* The data *
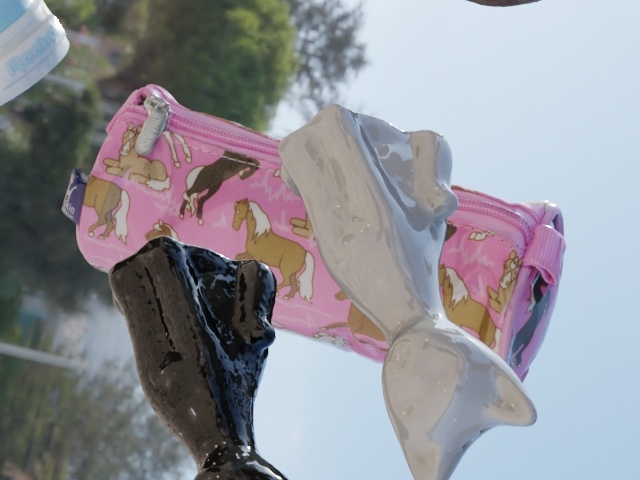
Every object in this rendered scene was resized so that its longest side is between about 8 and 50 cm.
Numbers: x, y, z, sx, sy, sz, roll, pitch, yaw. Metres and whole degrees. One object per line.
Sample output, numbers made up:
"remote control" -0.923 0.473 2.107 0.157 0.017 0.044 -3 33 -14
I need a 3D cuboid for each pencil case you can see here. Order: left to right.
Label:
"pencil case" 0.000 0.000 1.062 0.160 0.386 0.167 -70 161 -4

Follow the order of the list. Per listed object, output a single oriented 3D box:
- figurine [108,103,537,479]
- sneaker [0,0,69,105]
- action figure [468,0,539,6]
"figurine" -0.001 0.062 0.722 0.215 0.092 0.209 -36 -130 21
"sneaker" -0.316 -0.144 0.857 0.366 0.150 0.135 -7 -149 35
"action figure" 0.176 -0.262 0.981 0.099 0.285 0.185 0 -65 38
* * *
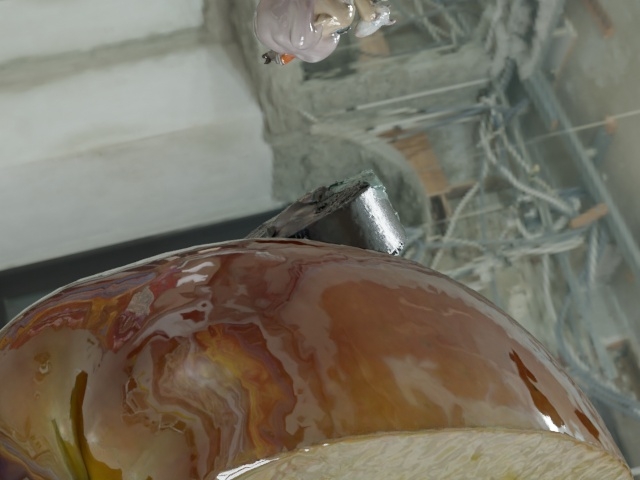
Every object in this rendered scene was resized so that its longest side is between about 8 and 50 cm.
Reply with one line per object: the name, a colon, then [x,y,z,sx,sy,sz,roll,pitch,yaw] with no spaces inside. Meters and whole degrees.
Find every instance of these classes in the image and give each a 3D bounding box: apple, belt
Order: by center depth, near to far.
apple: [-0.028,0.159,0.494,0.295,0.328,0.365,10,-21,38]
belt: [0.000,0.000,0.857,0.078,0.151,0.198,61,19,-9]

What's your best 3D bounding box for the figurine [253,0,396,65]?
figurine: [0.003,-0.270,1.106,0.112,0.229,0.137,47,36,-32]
==
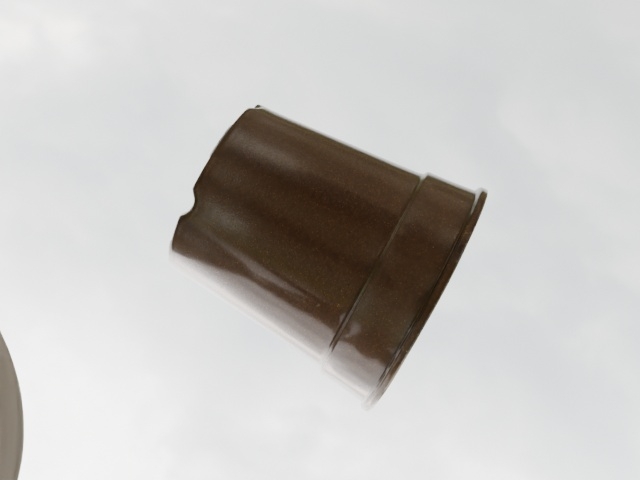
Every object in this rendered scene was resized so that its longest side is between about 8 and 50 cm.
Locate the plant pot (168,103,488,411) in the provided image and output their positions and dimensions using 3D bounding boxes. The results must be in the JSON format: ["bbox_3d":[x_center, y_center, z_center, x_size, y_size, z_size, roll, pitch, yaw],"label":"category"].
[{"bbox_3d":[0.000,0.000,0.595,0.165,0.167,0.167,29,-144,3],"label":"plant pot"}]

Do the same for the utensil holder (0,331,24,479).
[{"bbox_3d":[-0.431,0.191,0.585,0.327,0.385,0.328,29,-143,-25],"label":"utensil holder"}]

* Assignment *
In the entries above, which lines hold the string "whole"? Report all of them.

* Your response *
Numbers: x, y, z, sx, sy, sz, roll, pitch, yaw. Metres and whole degrees. One object per line.
Reply with one line per object: the name, a colon, then [x,y,z,sx,sy,sz,roll,pitch,yaw] with no spaces inside. Meters and whole degrees.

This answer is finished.